Bless me, Father, for I have sinned.

But they didn’t kill him. Instead, when they tired of the game, Cheech knelt by his side again. “Just in case you were wondering, padre,” he said casually, “this is your last warning. We have to come visit you again, we kill you. And if you go to the cops, we kill the girl. Just think about how pretty she’ll look with her throat slit.”

Cheech turned and spoke a couple of words in Spanish to the other man, and they left silently, wraithlike, the scent of cheap aftershave lingering in the air behind them.

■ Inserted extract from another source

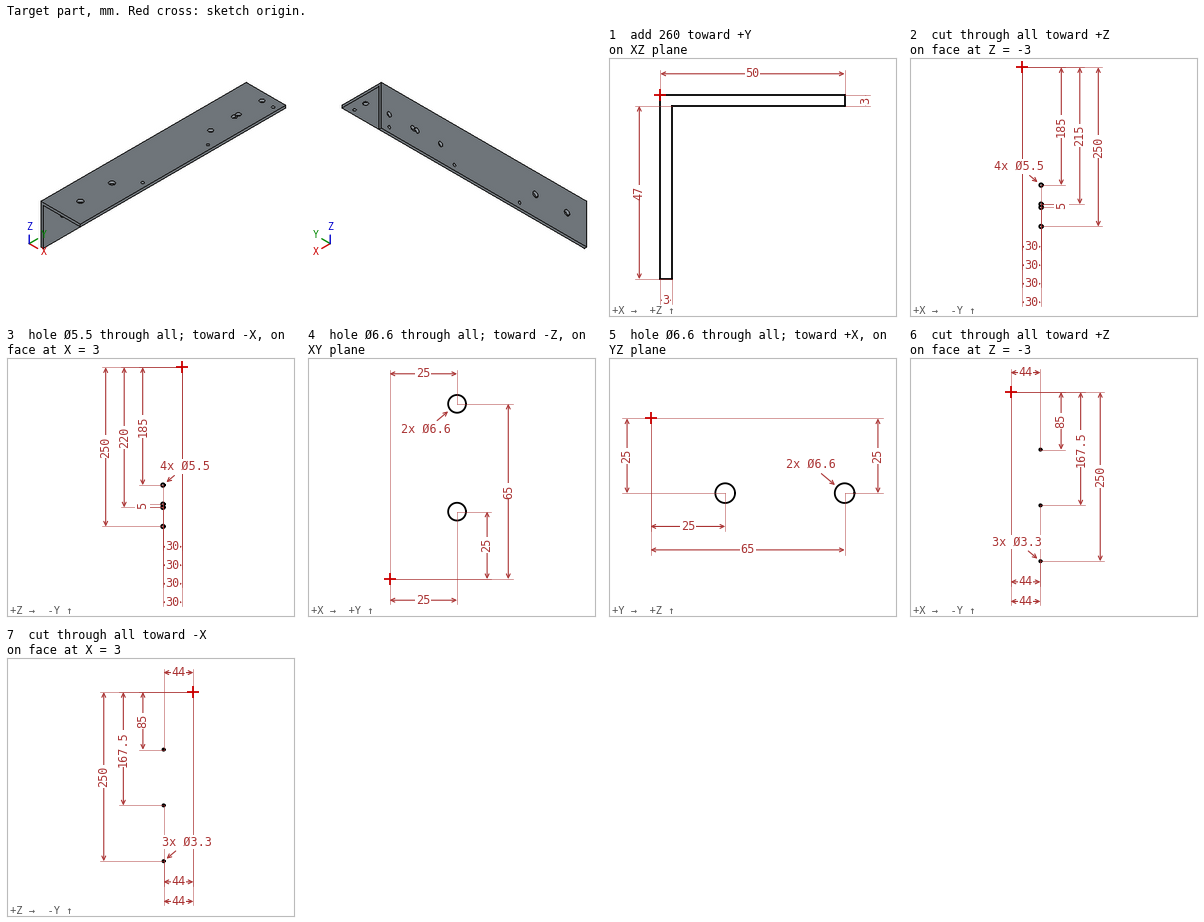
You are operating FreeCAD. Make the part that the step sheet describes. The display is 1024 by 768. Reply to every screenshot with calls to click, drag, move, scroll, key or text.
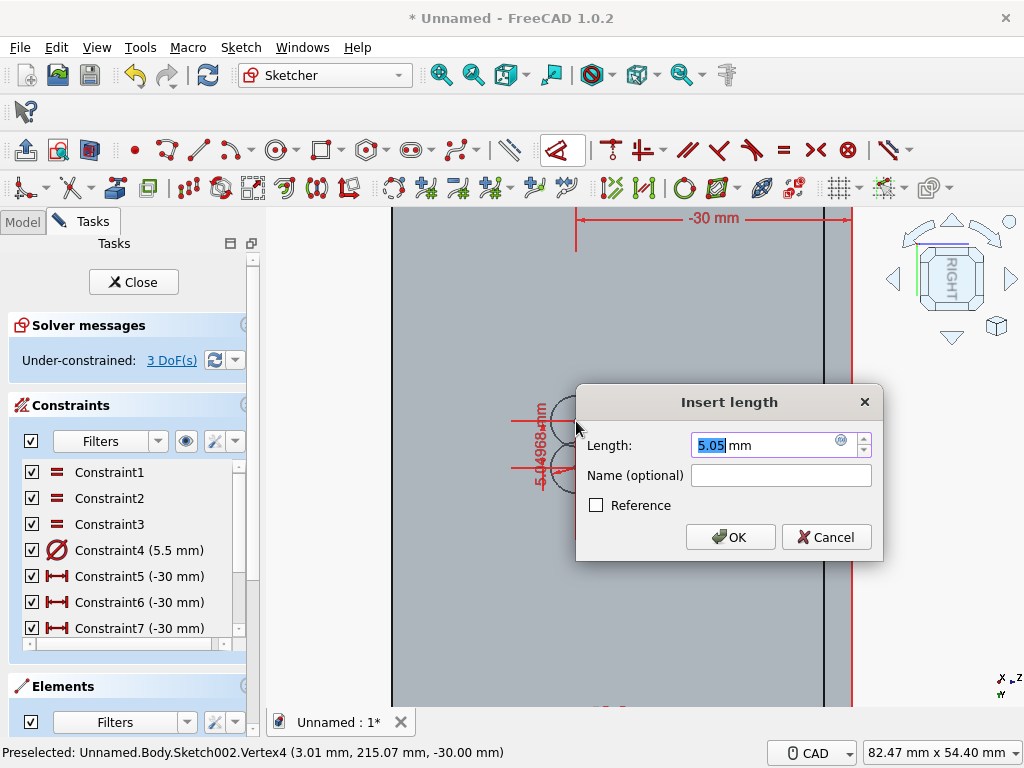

He wasn’t sure how long he lay there. It seemed to take forever to regain his breath. When he finally did, he hauled himself to his knees, struggled to his feet, and landed heavily on a chair. His ears were ringing, and his ribs felt like they’d been trampled by an antelope. He rubbed his temple and his hand came away bloody. Stupidly, like a movie running in slow motion, he looked down and saw that the front of his shirt was saturated with blood. It still flowed from his nose at an amazing rate, fat crimson drops that left a dark, wet spatter on the carpet.

He rose on shaky legs, swayed a bit before he got his bearings. It seemed to take an inordinate amount of time to cross the room, one laborious step after another. He snatched a fistful of tissue from the box he kept on the corner of the desk and pressed it against his face. Wincing at the contact between soft tissue paper and a nose that felt as though it had slammed into a concrete wall at eighty miles an hour, he wondered if there were some limit to the number of orifices through which a man could hemorrhage before he bled out and died.

He stumbled to the door. Outside, it was raining, a soft spring rain that seeped through his shirt and left dark blotches on the tissue box clutched in his hand. Like some aged sot, he walked with an unsteady gait to his car, parked in the shadows of the rectory. For an instant, he leaned against the door, folded his arms on the roof and rested his aching head on them. He tried to remember whether he’d locked the church, but he wasn’t sure. He didn’t remember walking out the door. He’d been inside, then he’d been out here, in the rain, with no memory of how the transition had taken place.